Rotten issues close after an additional 30d of inactivity.
If this issue is safe to close now please do so with /close.
Send feedback to jetstack.
/lifecycle rotten
/remove-lifecycle stale

retest-bot on 15 Jan 2020

Rotten issues close after 30d of inactivity.
Reopen the issue with /reopen.
Mark the issue as fresh with /remove-lifecycle rotten.
Send feedback to jetstack.
/close

retest-bot on 14 Feb 2020

@retest-bot: Closing this issue.

In response to this:

Rotten issues close after 30d of inactivity.
Reopen the issue with /reopen.
Mark the issue as fresh with /remove-lifecycle rotten.
Send feedback to jetstack.
/close

Instructions for interacting with me using PR comments are available here. If you have questions or suggestions related to my behavior, please file an issue against the kubernetes/test-infra repository.

jetstack-bot on 14 Feb 2020

With the same conditions (cert-manager 0.13.1) getting this error:

$ kubectl wait --for=condition=Available deployment/cert-manager-webhook -n cert-manager
deployment.extensions/cert-manager-webhook condition met

$ kubectl wait --for=condition=Ready pod/cert-manager-webhook-84954f5587-4k8jg -n cert-manager
pod/cert-manager-webhook-84954f5587-4k8jg condition met

$ kubectl apply -f /path/to/20-cluster-issuer-pr.yaml 
Error from server (InternalError): error when creating "/path/to/20-cluster-issuer-pr.yaml": Internal error occurred: failed calling webhook "webhook.cert-manager.io": Post https://cert-manager-webhook.cert-manager.svc:443/mutate?timeout=30s: x509: certificate signed by unknown authority

galamiram on 5 Mar 2020

👍4 😕2

I'm having the same error running 0.13.0 and installing via the helm chart. Did you find a resolution to this @galamiram ? It's very strange..
Post https://cert-manager-webhook.cert-manager.svc:443/mutate?timeout=30s: x509: certificate signed by unknown authority

mccrackend on 2 Apr 2020

My workaround is to add a synthetic wait of a minute using a script that wraps these three commands...

galamiram on 2 Apr 2020

Thanks for the reply - so simply waiting a minute after deployment of the chart, before deploying issuers or certs, was enough for you to not get the x509 error?
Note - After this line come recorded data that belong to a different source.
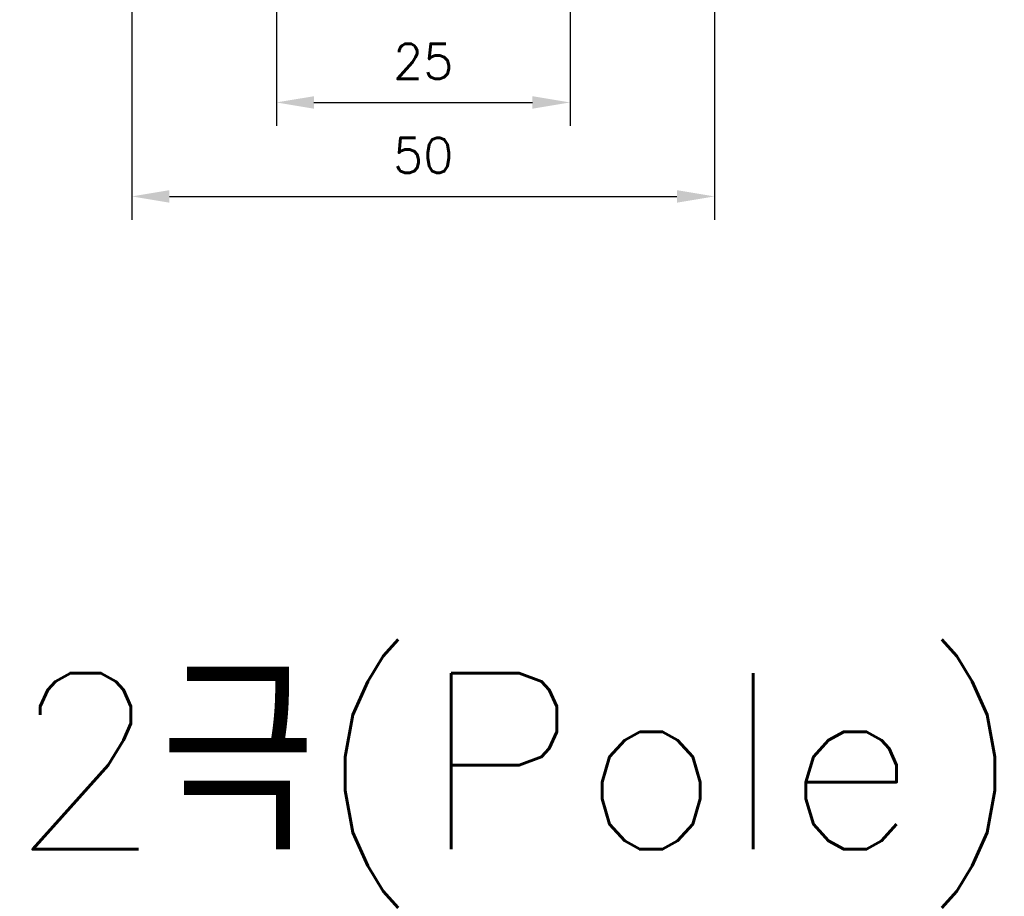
# Model space of a CAD drawing. Extents: x 2148 to 4024, y -907 to 1590.
# Tile 3 of 18: x 2718 to 2802, y 1195 to 1270. Entities that reach past the tile are written whole.
import ezdxf

# ---------------------------------------------------------------- set-up
doc = ezdxf.new("R2010")
doc.units = 0
doc.header["$LTSCALE"] = 3
doc.header["$MEASUREMENT"] = 0
doc.layers.get('Defpoints').update_dxf_attribs({"linetype": 'CONTINUOUS'})
doc.layers.add('di', color=3, linetype='CONTINUOUS')
doc.styles.add('KIM', font='ROMANS.shx', dxfattribs={"height": 5, "bigfont": 'GSG1.shx'})
doc.styles.get("Standard").update_dxf_attribs({"font": 'romans.shx', "height": 3, "bigfont": 'ghs.shx'})
doc.dimstyles.new('STANDARD$0', dxfattribs={"dimtxt": 5, "dimasz": 5, "dimexe": 1, "dimexo": 2, "dimgap": 2, "dimtad": 1, "dimdec": 4, "dimzin": 12, "dimdsep": 46, "dimtxsty": 'KIM', "dimcen": -1, "dimdle": 0.1, "dimadec": 0, "dimazin": 0, "dimtfac": 1, "dimtdec": 4, "dimtmove": 0, "dimatfit": 3, "dimfxl": 0, "dimtolj": 1, "dimtzin": 0, "dimarcsym": 0})

# ---------------------------------------------------------------- blocks, each defined once
blk = doc.blocks.new('*D15')
at = {"layer": 'Defpoints', "color": 0}
for p in [(2739.646, 1279.451), (2764.646, 1279.451), (2764.646, 1263.06)]:
    blk.add_point(p, dxfattribs=at)
at = {"layer": 'di'}
for p, q in [((2739.646, 1277.451), (2739.646, 1261.06)), ((2764.646, 1277.451), (2764.646, 1261.06)), ((2742.846, 1263.06), (2761.446, 1263.06))]:
    blk.add_line(p, q, dxfattribs=at)
for points in [[(2742.846, 1263.593), (2742.846, 1262.527), (2739.646, 1263.06)], [(2761.446, 1263.593), (2761.446, 1262.527), (2764.646, 1263.06)]]:
    blk.add_solid(points, dxfattribs=at)
at = {"layer": 'di', "insert": (2752.146, 1266.56), "char_height": 3, "attachment_point": 5}
blk.add_mtext('\\A1;25', dxfattribs=at)
blk = doc.blocks.new('*D22')
at = {"layer": 'Defpoints', "color": 0}
for p in [(2727.346, 1281.111), (2776.946, 1281.111), (2776.946, 1255.06)]:
    blk.add_point(p, dxfattribs=at)
at = {"layer": 'di'}
for p, q in [((2727.346, 1279.111), (2727.346, 1253.06)), ((2776.946, 1279.111), (2776.946, 1253.06)), ((2730.546, 1255.06), (2773.746, 1255.06))]:
    blk.add_line(p, q, dxfattribs=at)
for points in [[(2730.546, 1255.593), (2730.546, 1254.527), (2727.346, 1255.06)], [(2773.746, 1255.593), (2773.746, 1254.527), (2776.946, 1255.06)]]:
    blk.add_solid(points, dxfattribs=at)
at = {"layer": 'di', "insert": (2752.146, 1258.56), "char_height": 3, "attachment_point": 5}
blk.add_mtext('\\A1;50', dxfattribs=at)

msp = doc.modelspace()

# ---------------------------------------------------------------- texts
at = {"layer": 'di', "insert": (2716.979, 1214.482), "char_height": 15, "width": 116.39597, "attachment_point": 1}
msp.add_mtext('{\\Fromans,hgs|c129;2극(Pole)}', dxfattribs=at)

# ---------------------------------------------------------------- dimensions: what is measured, and where the dimension line sits
at = {"layer": 'di'}
dim = msp.add_linear_dim(base=(2776.946, 1255.06), p1=(2727.346, 1281.111), p2=(2776.946, 1281.111), text='50', dimstyle='STANDARD$0', override={"dimtxt": 4, "dimasz": 3.2, "dimexe": 2, "dimdec": 2, "dimzin": 8, "dimtxsty": 'Standard', "dimcen": 0, "dimclrd": 256, "dimclre": 256, "dimclrt": 256, "dimadec": 2, "dimazin": 2, "dimtfac": 0.6, "dimtdec": 2, "dimtmove": 0, "dimtzin": 8, "dimlwd": 65535, "dimlwe": 65535, "dimarcsym": 1}, dxfattribs=at)
dim.commit()
dim.dimension.update_dxf_attribs({"geometry": '*D22', "text_midpoint": (2752.146, 1255.06), "dimtype": 160})
dim = msp.add_linear_dim(base=(2764.646, 1263.06), p1=(2739.646, 1279.451), p2=(2764.646, 1279.451), dimstyle='STANDARD$0', override={"dimtxt": 4, "dimasz": 3.2, "dimexe": 2, "dimdec": 2, "dimzin": 8, "dimtxsty": 'Standard', "dimcen": 0, "dimclrd": 256, "dimclre": 256, "dimclrt": 256, "dimadec": 2, "dimazin": 2, "dimtfac": 0.6, "dimtdec": 2, "dimtmove": 0, "dimtzin": 8, "dimlwd": 65535, "dimlwe": 65535, "dimarcsym": 1}, dxfattribs=at)
dim.commit()
dim.dimension.update_dxf_attribs({"geometry": '*D15', "text_midpoint": (2752.146, 1263.06), "dimtype": 160})

doc.saveas('drawing.dxf')

I've given it quite some time post-deploy and observed all the webhook tls secrets and pods come up & pass the wait for condition checks. I then apply my issuer and am still getting the x509 error.

mccrackend on 2 Apr 2020

It works for me, though I'm not sure about the specific reason for why it fails... Maybe worth open a new bug for this in particular

galamiram on 2 Apr 2020

Actually, if you are upgrading the Cert-Manager using helm, please make sure that you remove the old secret present in the namespace where previous cert-manager is installed. Mostly, the secrets which create the error "unknown authority" are named like "cert-manager-webhook-ca" and "cert-manager-webhook-webhook-tls".
So, to upgrade to a newer cert-manager release like v0.15.x, you need to remove these 2 secrets first.
Then, no issues while creating prod_issuer.
Thanks.

prabhatnagpal on 22 May 2020

Just ran into this on 1.0.0-beta.1. Very annoying. I'm also adding a sleep 60 after the creating of the cert-manager chart before creating issuers.

This is for a fresh install. I've also tried removing and re-installing. When doing this, I've checked to make sure there aren't any secrets that need cleaning up and there aren't any.